Je suis rentrée au pays.  Et le pays m’est rentrée dedans.  


18 janv. 2013

La boule à zéro

Je dédie ce billet à Valérie, mère de trois jeunes enfants qui porte fièrement son t-shirt "fuck cancer".  Courage, la guerrière.

Il y a eu ce jour en septembre où j’ai appris que j’avais le cancer.  J’étais dans un luxueux hall d’hôtel à Brisbane en Australie.   Un gynécologue de Nouméa, que j’avais joint sur son téléphone cellulaire, a laissé tombé ces mots durs :

« Ce n’est pas bon, ce n’est vraiment pas bon… »

J’ai encaissé le coup sans faire le double salto arrière comme dans les pubs décriant l’affreux choc du diagnostic.

Ce jour-là, le cancer ne me faisait pas peur.  Ce n’était qu’une mauvaise nouvelle, un couac dans notre aventure d’expatriés, une ombre bien vite chassée.  Quelles étaient mes défenses?  Le grondement écumant du Pacifique?  Les rues animées et distrayantes de Brisbane, une ville durement touchée l’année précédente par des inondations monstrueuses?  La cité se dressait pourtant à mes pieds, inébranlable, fière modèle d’efficacité face aux catastrophes naturelles qui frappent aveuglément.  

J’étais Brisbane, forte et belle.  Étourdie par le bruit, la fureur des magasineurs et par les voix des chanteurs de rue s’entremêlant dans un charmant charabia.

Cancer?  Pffff!

Et pourtant, une peur insidieuse a fini par s’emparer de moi.

Le jour où j’ai appris que j’allais devoir m’astreindre à la chimiothérapie. 

Le choc de prendre mon premier rendez-vous en hémato-oncologie, un département où j’avais tourné un reportage télé trois ans plus tôt. 

Tomber malade après la première séance de chimio et essayer de me soigner avec du Tylenol aux quatre heures, posologie aussi inefficace qu’une poignée de Skittles. 

Avoir mal.

Tomber à zéro, sans réserve de globules blancs, dans une chambre d’hôpital conçue pour les immuno-supprimés.

Rire et pleurer toute seule pendant cinq jours. 

Arracher ma première poignée de cheveux.

C’est donc ça, le « cancer »…

Je ne dirai plus que j’ai une petite tumeur.  Je ne vais pas m’engoncer dans l’assurance réconfortante d’un simple « stade 1 ».   Je ne vais pas ramer en sifflotant, ignorant un éventuel tsunami sous ma fragile barque.  Je me retrouve enfermée dans un ring où se joue un sport extrême, emmurée dans une cage effrayante.  Les coups bas sont légions et je ne dois rien prendre pour acquis.  Reconquérir la santé , c’est comme essayer d’aller faire du déminage habillée en rose en Corée du Nord.  Une mission dangereuse. 
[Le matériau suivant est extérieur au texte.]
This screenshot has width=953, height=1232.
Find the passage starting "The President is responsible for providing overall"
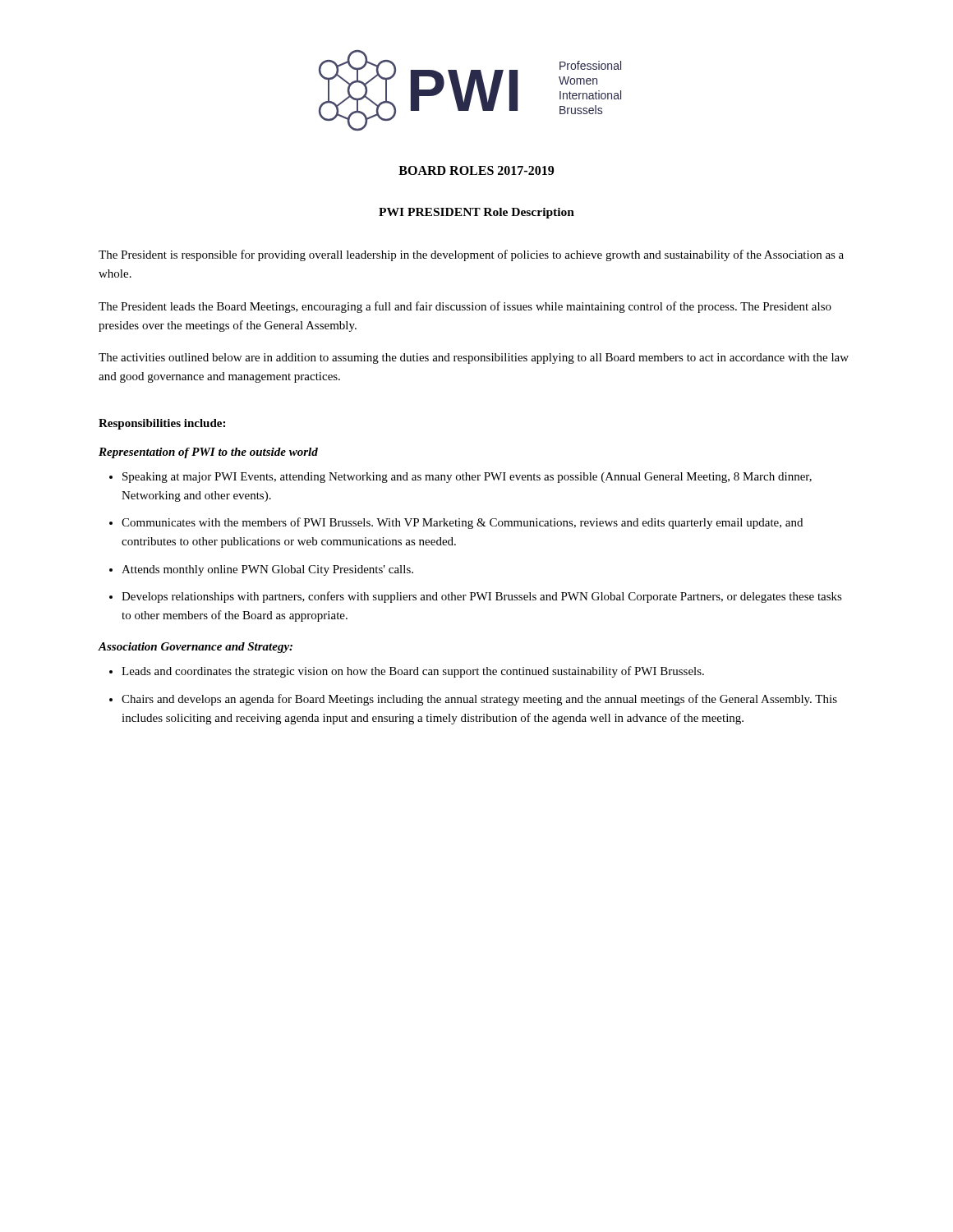[471, 264]
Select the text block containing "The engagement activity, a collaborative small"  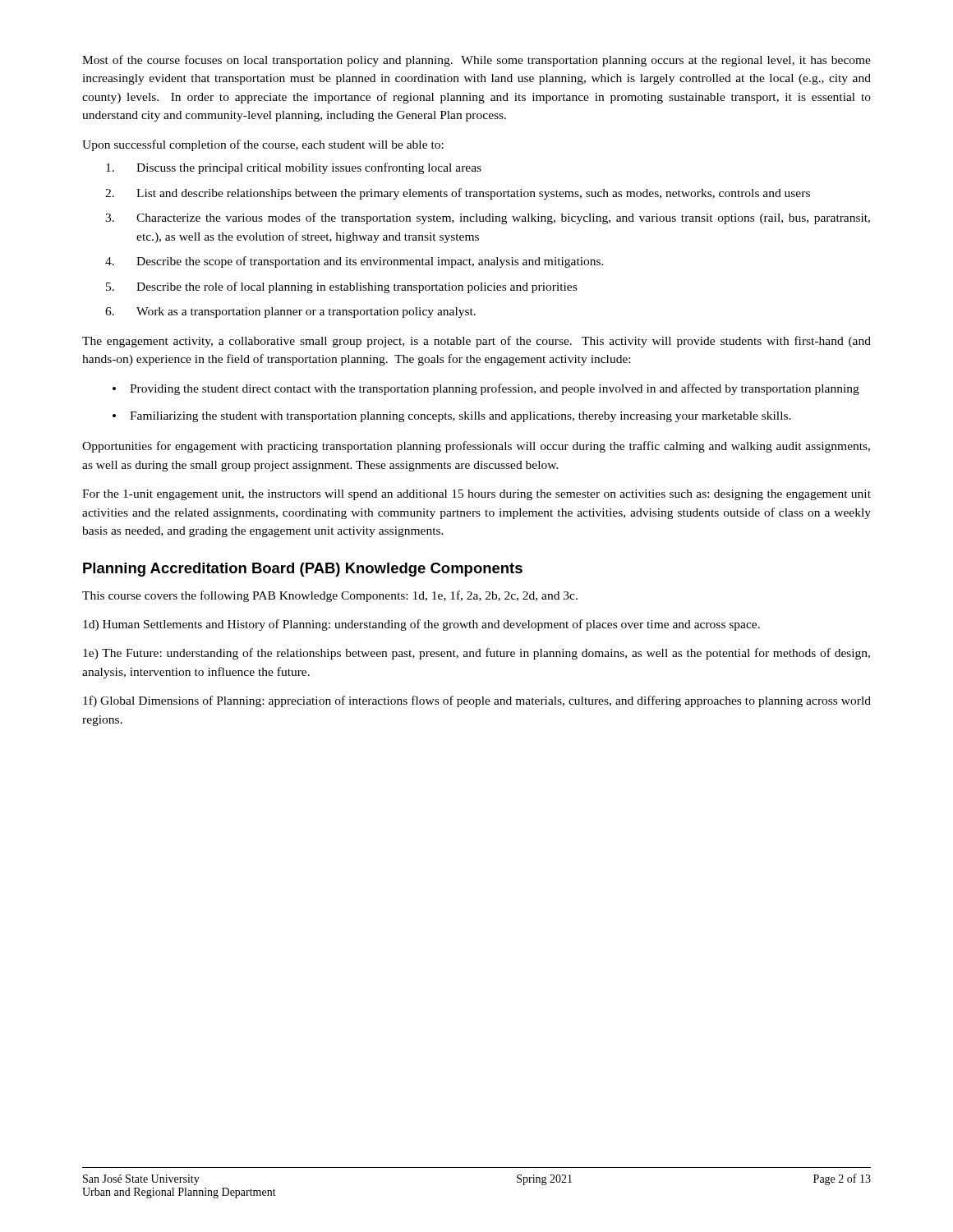[x=476, y=349]

Où puiser la force?   Mon ange gardien, Caroline du salon Ode, m’a irradiée d'une énergie nouvelle en me rasant.  Des ailes m'ont poussé lorsque j’ai vu cette masse de cheveux ternes et cassés tomber comme des pétales fanés tout autour de moi.

Quelques jours plus tard, mon fils a terminé le travail avec une bienveillance émouvante.  La boule à zéro.  Il a rasé mon crâne scrupuleusement.  Je sentais sur mon épaule sa lourde main d’enfant grandi trop vite.  Mes yeux se sont alors remplis de larmes tellement j’étais fière de lui et confiante en l’avenir.  Avec ma famille, je redeviens la femme-cité, une mégapole inviolable, une tour que le cancer ne pourra jamais plus profaner.



Avec les gens que j’aime, je peux vivre, mourir un peu, ressusciter le matin, reprendre des couleurs en après-midi et fermer les yeux le soir sur le plus beau tableau au monde :   l'amour inconditionnel.  

Je ne conjugue plus au futur.  L’instant est plus que jamais ici et maintenant.